Dataset excerpts
-----

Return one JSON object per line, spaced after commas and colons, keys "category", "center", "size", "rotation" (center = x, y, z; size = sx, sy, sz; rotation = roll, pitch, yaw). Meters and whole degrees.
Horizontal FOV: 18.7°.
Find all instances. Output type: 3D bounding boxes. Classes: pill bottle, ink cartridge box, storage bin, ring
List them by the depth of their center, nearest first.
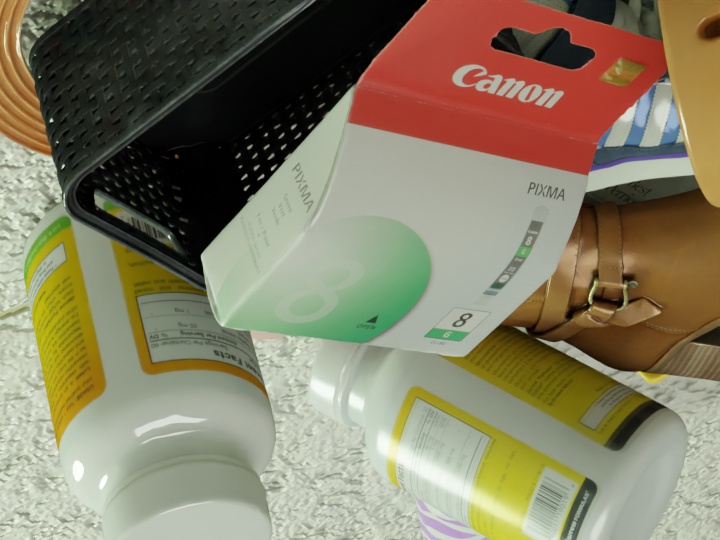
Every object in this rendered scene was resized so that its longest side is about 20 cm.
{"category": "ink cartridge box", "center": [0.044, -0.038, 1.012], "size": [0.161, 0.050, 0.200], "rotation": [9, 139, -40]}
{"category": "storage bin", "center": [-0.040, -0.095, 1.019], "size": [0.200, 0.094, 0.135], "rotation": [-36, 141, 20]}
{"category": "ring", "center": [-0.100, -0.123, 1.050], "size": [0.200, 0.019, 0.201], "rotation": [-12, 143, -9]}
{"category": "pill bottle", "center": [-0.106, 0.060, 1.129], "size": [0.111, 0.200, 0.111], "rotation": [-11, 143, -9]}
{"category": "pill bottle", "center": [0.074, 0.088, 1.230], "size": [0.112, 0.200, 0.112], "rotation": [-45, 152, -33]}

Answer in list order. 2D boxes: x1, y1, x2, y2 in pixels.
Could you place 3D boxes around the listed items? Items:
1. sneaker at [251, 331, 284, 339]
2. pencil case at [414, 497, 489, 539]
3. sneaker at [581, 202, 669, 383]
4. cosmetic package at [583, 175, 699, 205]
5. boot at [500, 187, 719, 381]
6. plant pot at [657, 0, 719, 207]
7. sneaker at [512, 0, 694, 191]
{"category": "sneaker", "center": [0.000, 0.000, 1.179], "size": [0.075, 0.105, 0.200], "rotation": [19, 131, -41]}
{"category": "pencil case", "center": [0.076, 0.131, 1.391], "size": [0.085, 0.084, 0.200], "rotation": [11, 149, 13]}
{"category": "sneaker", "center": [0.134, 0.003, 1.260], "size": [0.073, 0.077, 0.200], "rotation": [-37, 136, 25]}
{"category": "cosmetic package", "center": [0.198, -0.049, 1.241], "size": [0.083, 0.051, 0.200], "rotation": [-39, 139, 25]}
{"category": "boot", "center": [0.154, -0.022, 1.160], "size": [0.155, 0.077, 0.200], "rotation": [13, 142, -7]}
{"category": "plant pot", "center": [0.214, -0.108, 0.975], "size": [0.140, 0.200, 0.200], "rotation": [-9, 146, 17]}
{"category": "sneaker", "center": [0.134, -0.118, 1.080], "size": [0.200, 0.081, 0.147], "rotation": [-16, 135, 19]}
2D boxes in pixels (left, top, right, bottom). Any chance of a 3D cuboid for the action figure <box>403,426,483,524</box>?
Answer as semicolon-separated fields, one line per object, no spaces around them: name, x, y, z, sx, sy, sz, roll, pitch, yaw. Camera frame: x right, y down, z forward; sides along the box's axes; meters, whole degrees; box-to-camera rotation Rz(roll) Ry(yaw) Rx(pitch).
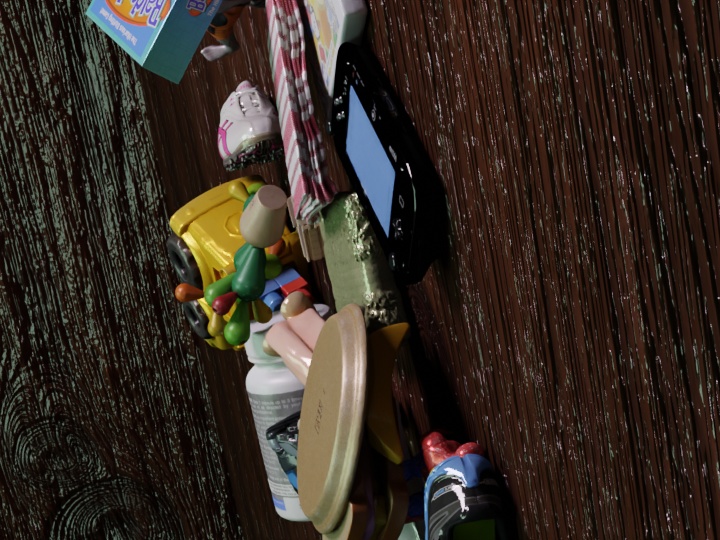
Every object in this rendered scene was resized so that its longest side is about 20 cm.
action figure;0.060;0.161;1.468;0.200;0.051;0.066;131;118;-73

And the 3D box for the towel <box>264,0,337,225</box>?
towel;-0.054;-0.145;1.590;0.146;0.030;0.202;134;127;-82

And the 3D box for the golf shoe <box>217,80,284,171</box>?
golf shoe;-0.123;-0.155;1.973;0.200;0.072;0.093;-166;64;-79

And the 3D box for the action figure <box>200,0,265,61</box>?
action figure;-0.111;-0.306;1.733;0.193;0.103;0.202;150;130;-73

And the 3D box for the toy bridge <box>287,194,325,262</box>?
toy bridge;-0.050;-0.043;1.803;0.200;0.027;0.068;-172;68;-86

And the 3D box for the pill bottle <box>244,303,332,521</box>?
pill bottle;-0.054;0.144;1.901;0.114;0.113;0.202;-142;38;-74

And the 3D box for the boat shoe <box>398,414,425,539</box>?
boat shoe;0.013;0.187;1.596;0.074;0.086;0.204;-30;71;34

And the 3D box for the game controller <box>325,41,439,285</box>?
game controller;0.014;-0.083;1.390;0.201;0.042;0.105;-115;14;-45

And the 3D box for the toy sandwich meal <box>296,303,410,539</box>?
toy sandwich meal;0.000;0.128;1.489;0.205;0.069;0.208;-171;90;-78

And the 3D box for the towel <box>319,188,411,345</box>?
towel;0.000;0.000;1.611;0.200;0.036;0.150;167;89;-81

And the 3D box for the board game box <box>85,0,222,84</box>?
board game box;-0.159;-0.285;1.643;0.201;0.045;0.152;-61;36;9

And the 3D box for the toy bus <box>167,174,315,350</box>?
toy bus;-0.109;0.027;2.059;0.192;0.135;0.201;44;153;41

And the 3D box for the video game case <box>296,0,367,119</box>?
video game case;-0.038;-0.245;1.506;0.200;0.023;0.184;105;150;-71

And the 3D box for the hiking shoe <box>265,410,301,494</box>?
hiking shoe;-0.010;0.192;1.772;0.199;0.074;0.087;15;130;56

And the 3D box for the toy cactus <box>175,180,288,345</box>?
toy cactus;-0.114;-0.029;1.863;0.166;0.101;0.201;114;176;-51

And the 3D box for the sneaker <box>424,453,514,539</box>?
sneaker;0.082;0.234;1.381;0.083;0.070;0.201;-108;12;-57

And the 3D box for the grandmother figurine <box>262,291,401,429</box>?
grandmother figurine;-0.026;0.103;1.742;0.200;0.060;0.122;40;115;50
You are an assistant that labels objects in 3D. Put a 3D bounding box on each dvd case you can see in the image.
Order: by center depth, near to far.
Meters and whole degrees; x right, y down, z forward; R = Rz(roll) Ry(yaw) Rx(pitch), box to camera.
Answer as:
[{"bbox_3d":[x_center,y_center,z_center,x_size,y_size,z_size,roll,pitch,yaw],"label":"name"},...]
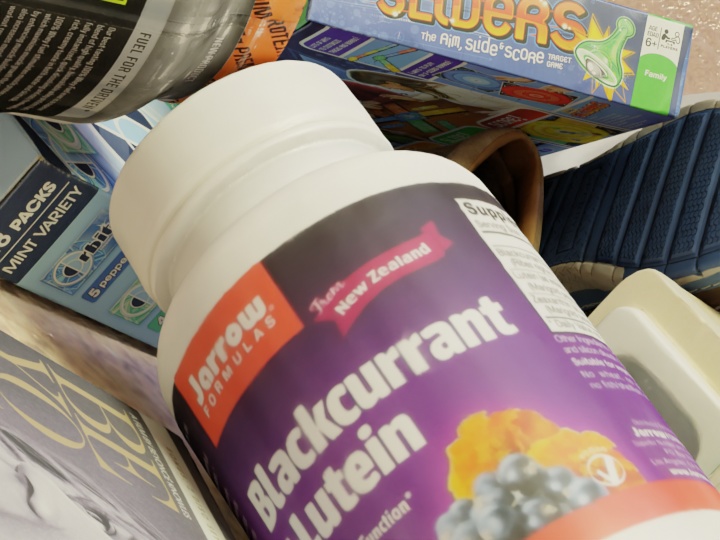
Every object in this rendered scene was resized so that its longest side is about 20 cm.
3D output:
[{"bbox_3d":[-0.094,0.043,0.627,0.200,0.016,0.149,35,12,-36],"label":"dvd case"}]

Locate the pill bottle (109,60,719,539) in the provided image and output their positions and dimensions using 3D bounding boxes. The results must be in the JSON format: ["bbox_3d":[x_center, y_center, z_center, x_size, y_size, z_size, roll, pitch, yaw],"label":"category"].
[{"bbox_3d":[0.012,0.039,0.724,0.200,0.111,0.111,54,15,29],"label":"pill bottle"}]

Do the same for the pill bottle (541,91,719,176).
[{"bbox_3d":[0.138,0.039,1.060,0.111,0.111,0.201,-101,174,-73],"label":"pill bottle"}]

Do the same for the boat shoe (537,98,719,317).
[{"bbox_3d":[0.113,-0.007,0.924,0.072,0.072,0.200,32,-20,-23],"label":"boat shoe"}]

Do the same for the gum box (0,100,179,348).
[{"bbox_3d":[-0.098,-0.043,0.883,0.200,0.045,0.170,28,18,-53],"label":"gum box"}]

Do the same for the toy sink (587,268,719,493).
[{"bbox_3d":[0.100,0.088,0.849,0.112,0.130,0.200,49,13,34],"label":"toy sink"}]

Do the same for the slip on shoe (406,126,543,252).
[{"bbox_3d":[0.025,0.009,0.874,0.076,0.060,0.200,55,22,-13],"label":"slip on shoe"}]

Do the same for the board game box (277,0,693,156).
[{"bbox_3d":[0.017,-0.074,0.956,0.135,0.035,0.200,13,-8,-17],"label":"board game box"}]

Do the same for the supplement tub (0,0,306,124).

-----

The lines from the top of the data above through the one holding "Answer in list" are to be repeated exactly, and only those, with no pictures.

_Output of the task_:
Return one JSON object per line, spaced after commas and colons, keys "category", "center", "size", "rotation" (center = x, y, z; size = sx, sy, sz; rotation = roll, pitch, yaw). Meters and whole degrees.
Horizontal FOV: 18.7°.
Find all instances. Output type: 3D bounding boxes. Classes: pill bottle, ink cartridge box, storage bin, ring
List them by the depth of their center, nearest first.
Every object in this rendered scene was resized so that its longest side is about 20 cm.
{"category": "ink cartridge box", "center": [0.044, -0.038, 1.012], "size": [0.161, 0.050, 0.200], "rotation": [9, 139, -40]}
{"category": "storage bin", "center": [-0.040, -0.095, 1.019], "size": [0.200, 0.094, 0.135], "rotation": [-36, 141, 20]}
{"category": "ring", "center": [-0.100, -0.123, 1.050], "size": [0.200, 0.019, 0.201], "rotation": [-12, 143, -9]}
{"category": "pill bottle", "center": [-0.106, 0.060, 1.129], "size": [0.111, 0.200, 0.111], "rotation": [-11, 143, -9]}
{"category": "pill bottle", "center": [0.074, 0.088, 1.230], "size": [0.112, 0.200, 0.112], "rotation": [-45, 152, -33]}

Answer in list order. 2D boxes: x1, y1, x2, y2 in pixels.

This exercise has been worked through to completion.